▸ **THE TASK**:
Each line from the one that has "Width 680, height" through the final line of the listing is to be written out exactly, and no other line is.

▸ **DATA LISTING**:

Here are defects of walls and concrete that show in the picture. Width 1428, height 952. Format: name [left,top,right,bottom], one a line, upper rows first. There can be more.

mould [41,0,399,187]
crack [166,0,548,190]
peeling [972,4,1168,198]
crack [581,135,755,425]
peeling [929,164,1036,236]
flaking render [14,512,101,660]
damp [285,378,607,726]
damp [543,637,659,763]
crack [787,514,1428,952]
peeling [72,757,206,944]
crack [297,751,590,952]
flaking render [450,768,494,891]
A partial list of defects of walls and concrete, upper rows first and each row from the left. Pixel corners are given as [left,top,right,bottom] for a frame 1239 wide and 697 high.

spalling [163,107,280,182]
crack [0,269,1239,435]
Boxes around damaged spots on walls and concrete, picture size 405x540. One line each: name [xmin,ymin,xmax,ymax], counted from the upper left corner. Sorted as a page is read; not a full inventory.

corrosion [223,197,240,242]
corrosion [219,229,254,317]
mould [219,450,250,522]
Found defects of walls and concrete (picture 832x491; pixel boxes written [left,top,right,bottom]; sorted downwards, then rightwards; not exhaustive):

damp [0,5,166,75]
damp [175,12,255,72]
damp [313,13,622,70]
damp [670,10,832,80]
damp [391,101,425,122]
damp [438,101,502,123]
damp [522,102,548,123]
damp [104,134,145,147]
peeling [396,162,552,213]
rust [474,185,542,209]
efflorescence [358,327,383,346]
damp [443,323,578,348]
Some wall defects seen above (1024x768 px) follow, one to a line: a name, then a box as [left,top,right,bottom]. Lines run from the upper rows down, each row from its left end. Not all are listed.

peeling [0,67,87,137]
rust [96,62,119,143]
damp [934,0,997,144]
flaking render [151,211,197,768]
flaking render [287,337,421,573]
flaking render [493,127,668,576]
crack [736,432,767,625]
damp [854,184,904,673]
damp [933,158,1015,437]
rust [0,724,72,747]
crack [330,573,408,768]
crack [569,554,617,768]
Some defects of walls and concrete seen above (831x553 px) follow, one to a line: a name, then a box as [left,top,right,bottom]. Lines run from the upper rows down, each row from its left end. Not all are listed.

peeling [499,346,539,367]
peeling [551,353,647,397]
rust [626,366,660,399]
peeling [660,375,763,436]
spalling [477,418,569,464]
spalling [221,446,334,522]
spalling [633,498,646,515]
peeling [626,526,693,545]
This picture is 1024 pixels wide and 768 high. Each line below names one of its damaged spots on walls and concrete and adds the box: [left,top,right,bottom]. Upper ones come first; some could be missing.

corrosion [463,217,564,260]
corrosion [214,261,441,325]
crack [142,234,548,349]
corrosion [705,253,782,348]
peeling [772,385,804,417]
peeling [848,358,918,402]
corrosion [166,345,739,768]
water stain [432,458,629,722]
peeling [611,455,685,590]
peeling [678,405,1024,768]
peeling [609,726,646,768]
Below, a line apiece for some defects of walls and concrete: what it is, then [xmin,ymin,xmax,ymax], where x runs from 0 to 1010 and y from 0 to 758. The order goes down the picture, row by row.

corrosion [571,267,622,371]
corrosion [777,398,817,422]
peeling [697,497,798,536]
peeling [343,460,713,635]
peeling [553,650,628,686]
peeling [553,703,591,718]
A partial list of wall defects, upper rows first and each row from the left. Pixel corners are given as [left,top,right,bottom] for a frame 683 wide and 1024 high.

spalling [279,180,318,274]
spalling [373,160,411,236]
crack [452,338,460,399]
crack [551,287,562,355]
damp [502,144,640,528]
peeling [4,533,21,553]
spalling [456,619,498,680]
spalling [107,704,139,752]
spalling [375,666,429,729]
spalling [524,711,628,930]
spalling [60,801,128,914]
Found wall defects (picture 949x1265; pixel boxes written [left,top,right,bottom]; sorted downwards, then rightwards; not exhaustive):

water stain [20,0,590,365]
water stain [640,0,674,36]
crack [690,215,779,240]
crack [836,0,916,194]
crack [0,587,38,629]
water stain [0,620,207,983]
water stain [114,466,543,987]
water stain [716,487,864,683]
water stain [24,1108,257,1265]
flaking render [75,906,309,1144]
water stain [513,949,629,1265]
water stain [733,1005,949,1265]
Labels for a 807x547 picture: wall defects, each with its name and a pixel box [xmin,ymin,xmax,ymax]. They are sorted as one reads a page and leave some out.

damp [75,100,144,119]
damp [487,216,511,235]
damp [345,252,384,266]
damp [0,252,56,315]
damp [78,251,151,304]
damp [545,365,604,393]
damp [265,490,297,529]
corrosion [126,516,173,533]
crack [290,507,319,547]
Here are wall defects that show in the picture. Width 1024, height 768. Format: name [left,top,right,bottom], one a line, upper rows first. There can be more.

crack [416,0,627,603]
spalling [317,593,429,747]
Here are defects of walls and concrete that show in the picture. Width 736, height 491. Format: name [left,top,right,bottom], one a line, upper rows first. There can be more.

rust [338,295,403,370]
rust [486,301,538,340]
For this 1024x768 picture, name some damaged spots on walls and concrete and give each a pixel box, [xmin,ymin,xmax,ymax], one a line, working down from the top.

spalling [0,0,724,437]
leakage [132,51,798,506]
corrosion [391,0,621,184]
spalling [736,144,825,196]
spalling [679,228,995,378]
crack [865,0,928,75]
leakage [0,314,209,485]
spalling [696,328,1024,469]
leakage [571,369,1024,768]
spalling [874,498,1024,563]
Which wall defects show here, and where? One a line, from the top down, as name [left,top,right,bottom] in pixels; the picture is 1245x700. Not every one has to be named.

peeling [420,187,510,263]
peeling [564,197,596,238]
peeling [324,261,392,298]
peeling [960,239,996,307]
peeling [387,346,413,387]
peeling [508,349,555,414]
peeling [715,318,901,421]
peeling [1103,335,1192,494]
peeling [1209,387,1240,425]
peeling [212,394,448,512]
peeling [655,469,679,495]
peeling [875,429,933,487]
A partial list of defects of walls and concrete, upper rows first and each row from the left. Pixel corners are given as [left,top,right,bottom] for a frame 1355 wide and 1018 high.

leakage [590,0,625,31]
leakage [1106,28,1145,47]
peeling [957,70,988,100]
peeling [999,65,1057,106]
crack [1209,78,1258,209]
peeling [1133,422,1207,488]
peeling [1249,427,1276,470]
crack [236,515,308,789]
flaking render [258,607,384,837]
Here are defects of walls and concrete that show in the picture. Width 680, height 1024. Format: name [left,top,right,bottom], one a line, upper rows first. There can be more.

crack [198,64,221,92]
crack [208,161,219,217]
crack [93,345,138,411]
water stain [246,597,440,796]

▸ **EXERCISE RESULT**:
Here are defects of walls and concrete that show in the picture. Width 680, height 1024. Format: name [left,top,right,bottom], one a line, upper rows first. There can be more.

crack [198,64,221,92]
crack [208,161,219,217]
crack [93,345,138,411]
water stain [246,597,440,796]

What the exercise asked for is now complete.